DIDS will fork a client for each quick compare request, but remain
single threaded.
DIDS will return the external_ref strings of potentual duplicate images.
Full Compare:
All the image (thumbnails) within DIDS are compared with each other.
DIDS will fork a client for each full compare request, and will become
multi-threaded to make use of multiple CPUs should they be present.
DIDS will return the external_ref strings of potentual duplicate images.
Some notes about the FULL Comparison process.
For N images, the number of comparisons is: N * ( N - 1) / 2.
As shown in the following diagram:
N
4|- - - -
3|- - - *
2|- - * *
1|- * * *
__________
X|1 2 3 4 N
Outline of the Image Comparison process:
* Consider a set of n images.
* Each image must be compared to every other image, but only once.
* Consider an n*n grid and comparing images (i,j) where i<j.
Note the triangle that is formed.
* There are n*(n-1)/2 image comparisons that need to be made.
* To permit concurrent processing, the triangle is split into 'work units'.
* Each work unit is a horizontal stripe of the triangle.

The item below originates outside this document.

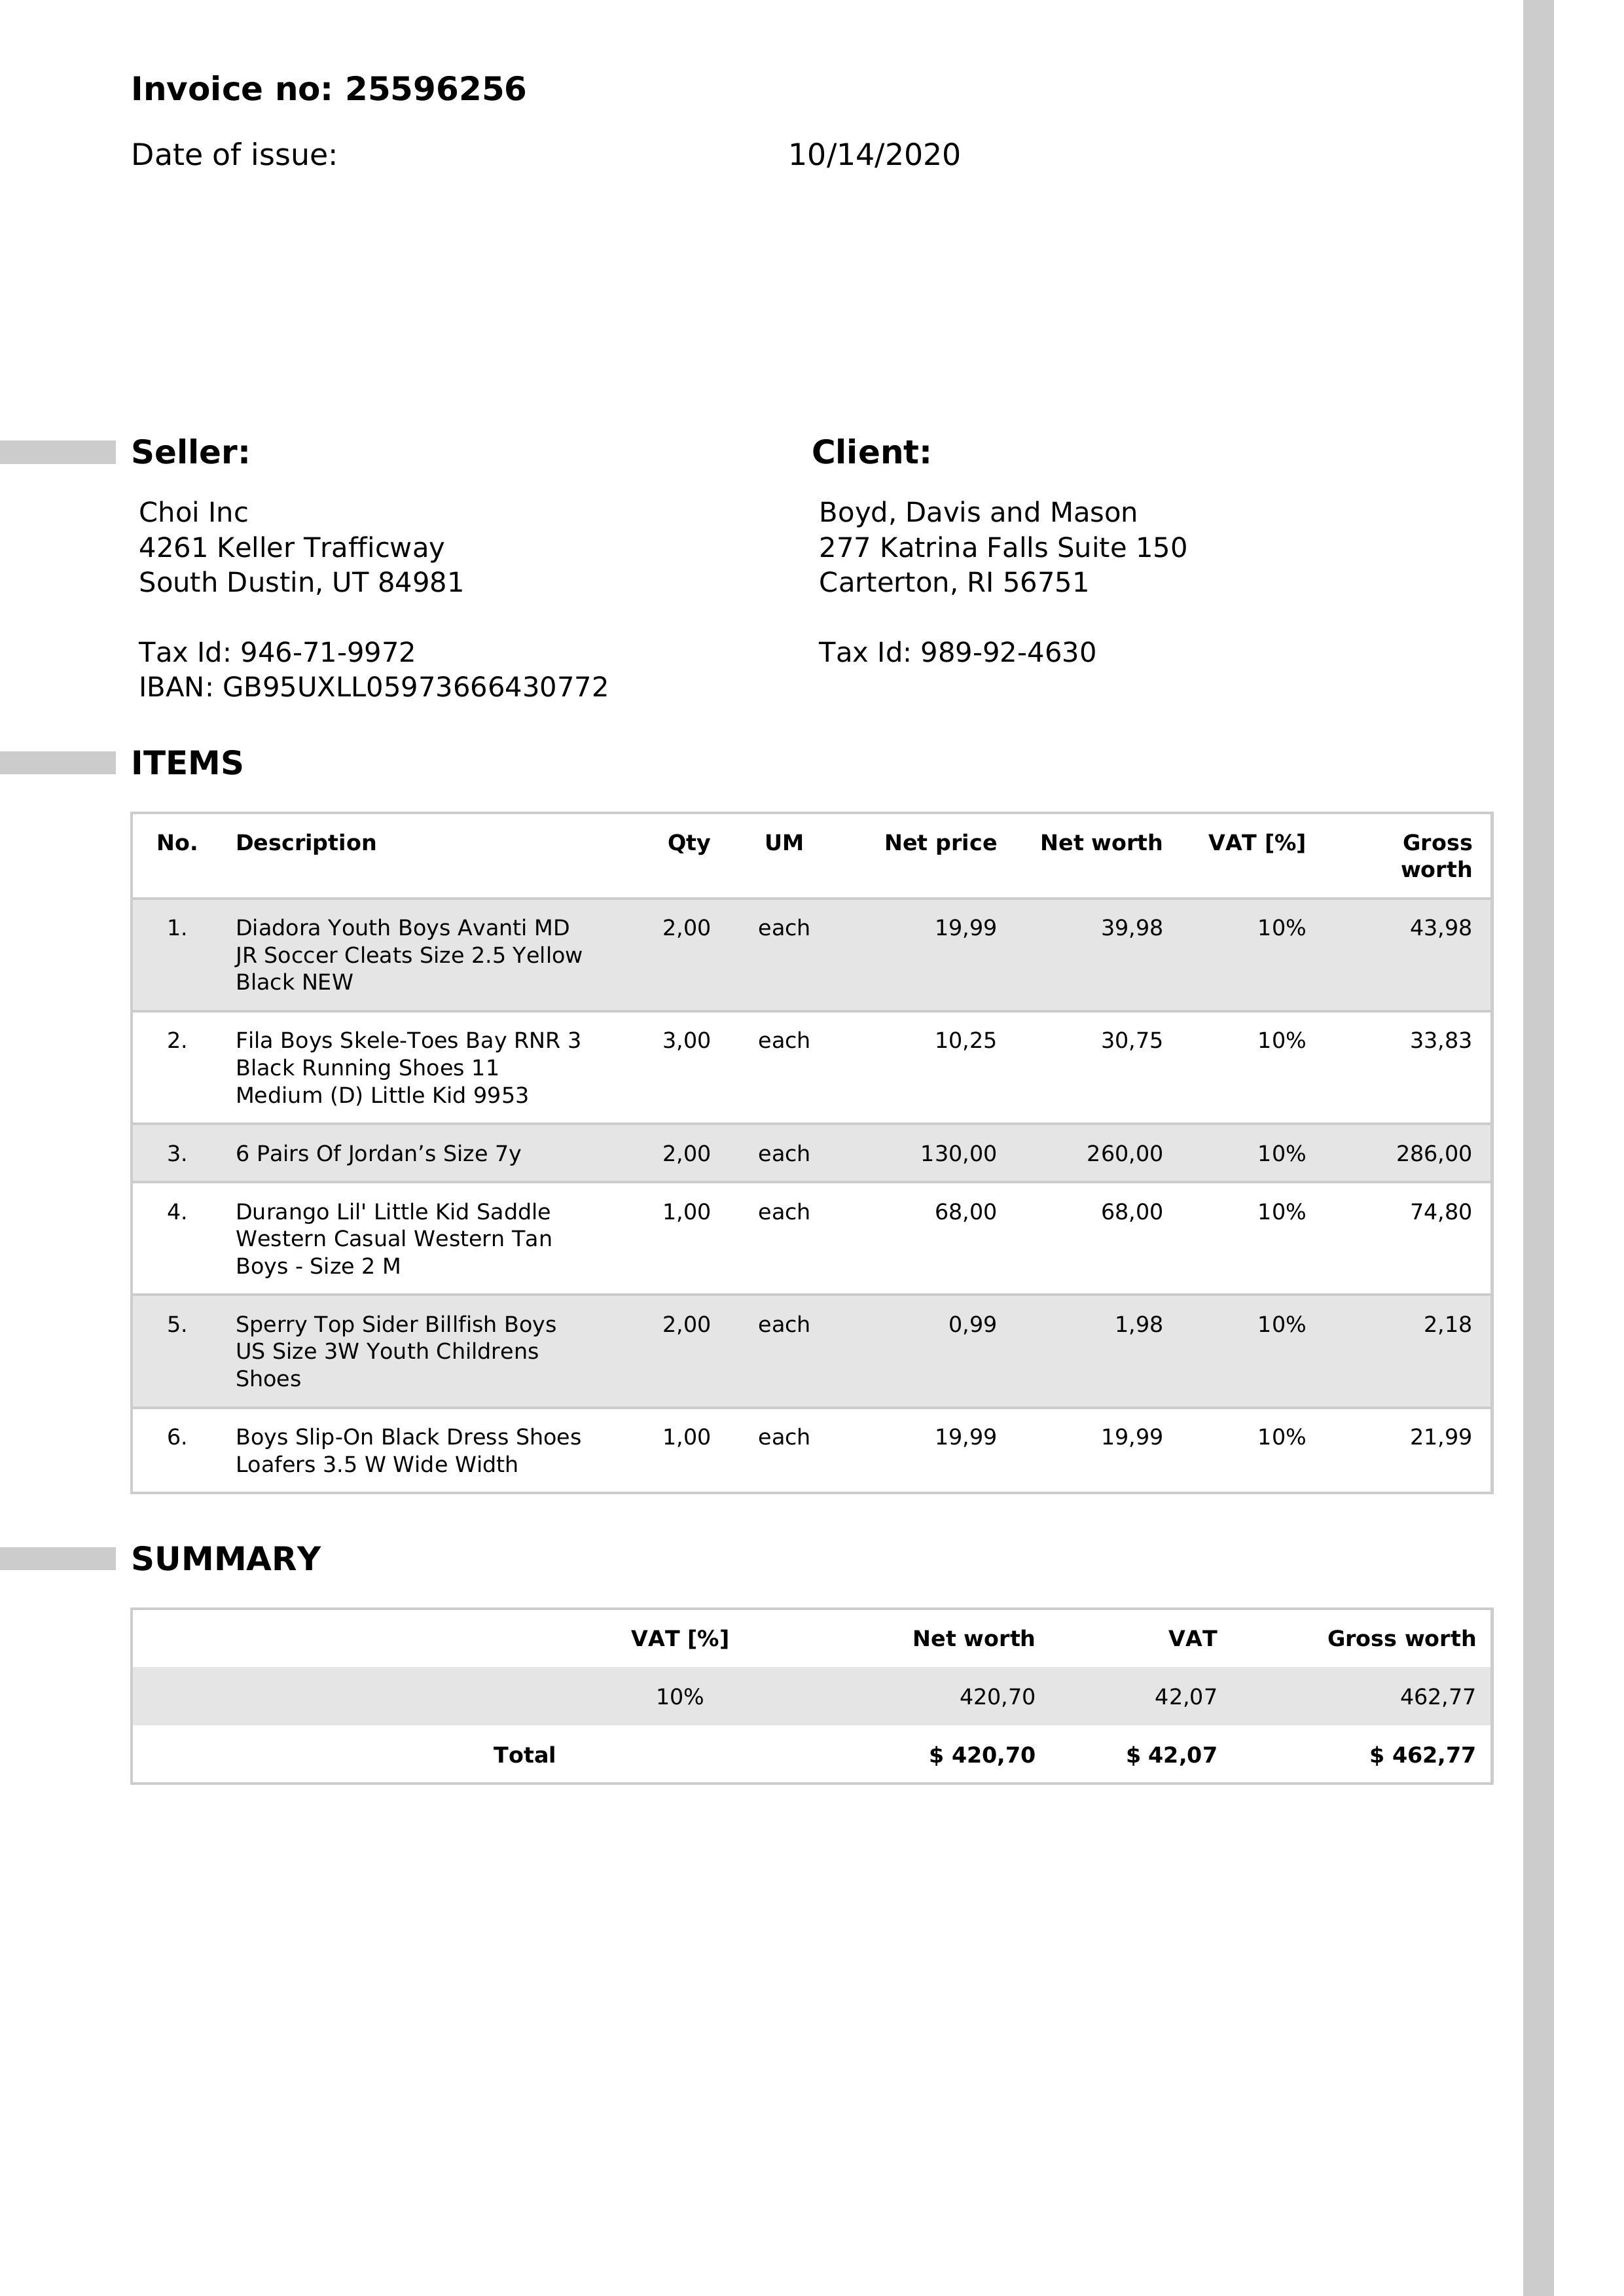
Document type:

* Each work unit is to compare the first image to each of the remaining images in the work unit (stripe).
* There are n-1 work units in total, each 1 image than the last work unit.
For full comparisons DIDS will launch a child
==============================================================================================
Reducing False Positives:
* When false positives are found, they are recorded as 'similar but different' entries in a table.
* When processing possible duplicate images, remove any previously recorded duplicates.
* The 'similar but different' entries are linked to the original files by 'fingerprint' values.
* Fingerprints don't change because they are based only on the contents of the file, not the file id.
* Order the PPMs external_ref by dictionary sort of fingerprint.
This allows the sorting algorithm to be optimised to reduce effort to find potential duplicates.